Start of Data for the task

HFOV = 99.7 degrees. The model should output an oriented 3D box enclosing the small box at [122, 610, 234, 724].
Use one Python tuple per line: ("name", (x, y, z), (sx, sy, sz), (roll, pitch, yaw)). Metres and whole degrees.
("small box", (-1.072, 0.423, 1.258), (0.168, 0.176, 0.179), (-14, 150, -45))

End of Data for the task
Start of Data for the task

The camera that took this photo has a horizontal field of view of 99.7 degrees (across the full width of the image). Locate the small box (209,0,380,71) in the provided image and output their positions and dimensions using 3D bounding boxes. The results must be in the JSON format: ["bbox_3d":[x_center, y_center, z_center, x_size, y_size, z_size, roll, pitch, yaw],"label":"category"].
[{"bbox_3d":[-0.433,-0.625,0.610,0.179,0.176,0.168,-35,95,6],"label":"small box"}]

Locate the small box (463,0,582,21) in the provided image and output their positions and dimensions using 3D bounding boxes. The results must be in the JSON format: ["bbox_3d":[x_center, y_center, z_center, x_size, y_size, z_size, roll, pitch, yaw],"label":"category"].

End of Data for the task

## Work to complete
Take exactly the lines from the one containing "The camera that" through the one containing "Locate the small box (463,0,582,21)" in the data above, and output them with nothing added.

## Exercise output
The camera that took this photo has a horizontal field of view of 99.7 degrees (across the full width of the image). Locate the small box (209,0,380,71) in the provided image and output their positions and dimensions using 3D bounding boxes. The results must be in the JSON format: ["bbox_3d":[x_center, y_center, z_center, x_size, y_size, z_size, roll, pitch, yaw],"label":"category"].
[{"bbox_3d":[-0.433,-0.625,0.610,0.179,0.176,0.168,-35,95,6],"label":"small box"}]

Locate the small box (463,0,582,21) in the provided image and output their positions and dimensions using 3D bounding boxes. The results must be in the JSON format: ["bbox_3d":[x_center, y_center, z_center, x_size, y_size, z_size, roll, pitch, yaw],"label":"category"].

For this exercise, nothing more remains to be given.